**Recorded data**
◇ ◇ ◇ ◇ ◇

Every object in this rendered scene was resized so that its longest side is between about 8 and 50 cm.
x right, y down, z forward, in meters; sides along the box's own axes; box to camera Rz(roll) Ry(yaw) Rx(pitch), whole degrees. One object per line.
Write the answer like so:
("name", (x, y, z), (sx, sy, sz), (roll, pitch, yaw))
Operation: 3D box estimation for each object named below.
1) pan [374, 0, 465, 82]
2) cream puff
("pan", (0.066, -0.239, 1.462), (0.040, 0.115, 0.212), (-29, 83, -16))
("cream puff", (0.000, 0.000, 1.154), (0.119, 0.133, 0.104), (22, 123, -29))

◇ ◇ ◇ ◇ ◇

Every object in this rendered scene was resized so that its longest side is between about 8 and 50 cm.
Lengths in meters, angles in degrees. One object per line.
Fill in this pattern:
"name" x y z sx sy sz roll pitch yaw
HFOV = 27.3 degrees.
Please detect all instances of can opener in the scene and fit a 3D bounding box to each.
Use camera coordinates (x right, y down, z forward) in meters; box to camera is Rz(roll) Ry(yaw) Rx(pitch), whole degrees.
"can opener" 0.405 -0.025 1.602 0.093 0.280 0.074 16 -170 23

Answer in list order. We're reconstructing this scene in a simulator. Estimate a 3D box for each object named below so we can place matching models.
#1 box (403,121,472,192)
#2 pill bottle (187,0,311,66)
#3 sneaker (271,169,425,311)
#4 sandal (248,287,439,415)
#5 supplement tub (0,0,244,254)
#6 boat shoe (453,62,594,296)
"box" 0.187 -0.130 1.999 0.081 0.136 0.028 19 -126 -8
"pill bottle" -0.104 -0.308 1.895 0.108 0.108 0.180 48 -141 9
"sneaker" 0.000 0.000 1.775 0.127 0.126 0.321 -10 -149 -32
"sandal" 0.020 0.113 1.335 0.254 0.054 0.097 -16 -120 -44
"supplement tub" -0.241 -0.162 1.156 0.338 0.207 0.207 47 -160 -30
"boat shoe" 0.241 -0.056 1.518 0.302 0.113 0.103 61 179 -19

◇ ◇ ◇ ◇ ◇

When you reach the line containing "#3 sneaker (271,169,425,311)" in the data above, start copying exactly, and stop after the line containing "#5 supplement tub (0,0,244,254)".

#3 sneaker (271,169,425,311)
#4 sandal (248,287,439,415)
#5 supplement tub (0,0,244,254)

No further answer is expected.